■ DIRECTIONS ■
Repeat the data word for word and skip the pictures.

■ SOURCE MATERIAL ■
=== Begin Enclosure ===
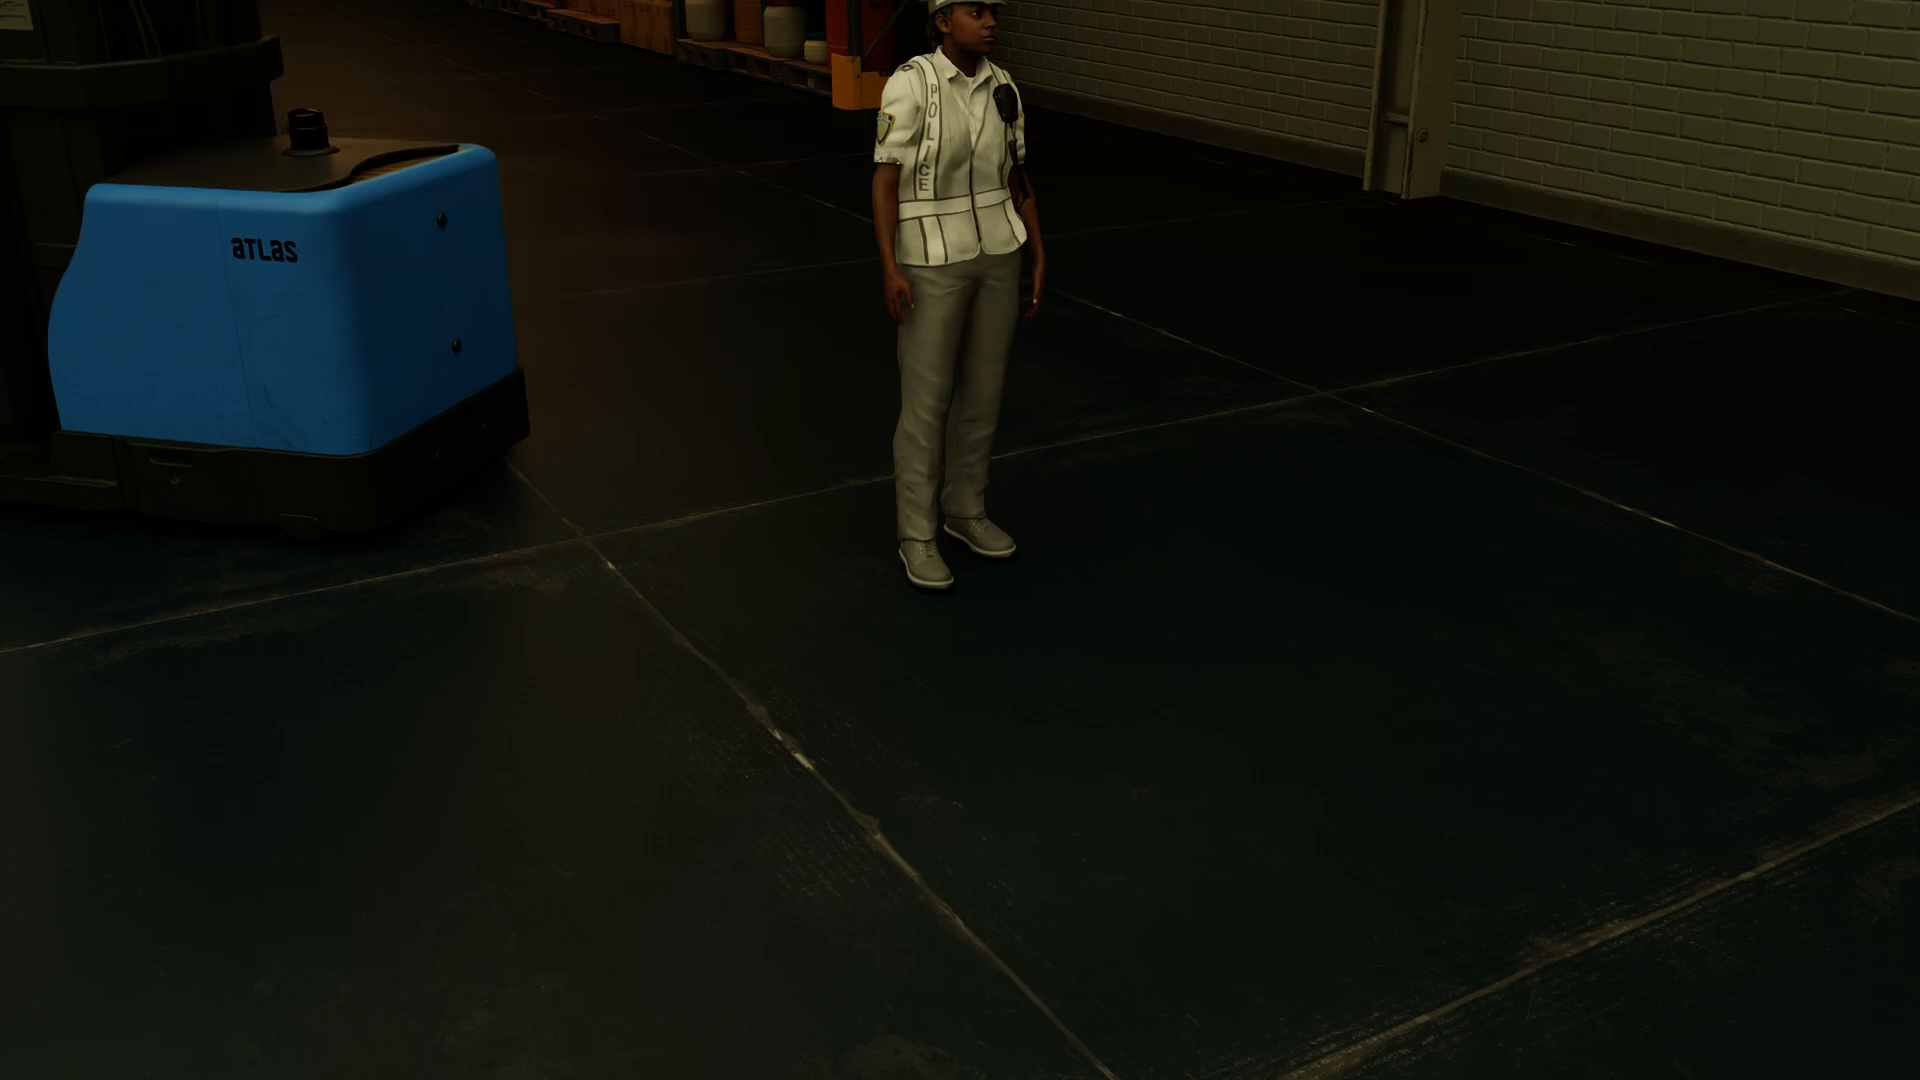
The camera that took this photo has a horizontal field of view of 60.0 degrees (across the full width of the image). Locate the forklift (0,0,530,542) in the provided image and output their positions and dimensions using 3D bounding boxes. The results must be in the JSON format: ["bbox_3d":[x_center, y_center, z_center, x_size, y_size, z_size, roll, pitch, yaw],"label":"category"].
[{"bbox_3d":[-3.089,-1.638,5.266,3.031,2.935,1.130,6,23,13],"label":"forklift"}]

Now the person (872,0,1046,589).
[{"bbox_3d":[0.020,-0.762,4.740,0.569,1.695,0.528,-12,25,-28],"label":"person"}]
=== End Enclosure ===
■ RESPONSE AREA ■
The camera that took this photo has a horizontal field of view of 60.0 degrees (across the full width of the image). Locate the forklift (0,0,530,542) in the provided image and output their positions and dimensions using 3D bounding boxes. The results must be in the JSON format: ["bbox_3d":[x_center, y_center, z_center, x_size, y_size, z_size, roll, pitch, yaw],"label":"category"].
[{"bbox_3d":[-3.089,-1.638,5.266,3.031,2.935,1.130,6,23,13],"label":"forklift"}]

Now the person (872,0,1046,589).
[{"bbox_3d":[0.020,-0.762,4.740,0.569,1.695,0.528,-12,25,-28],"label":"person"}]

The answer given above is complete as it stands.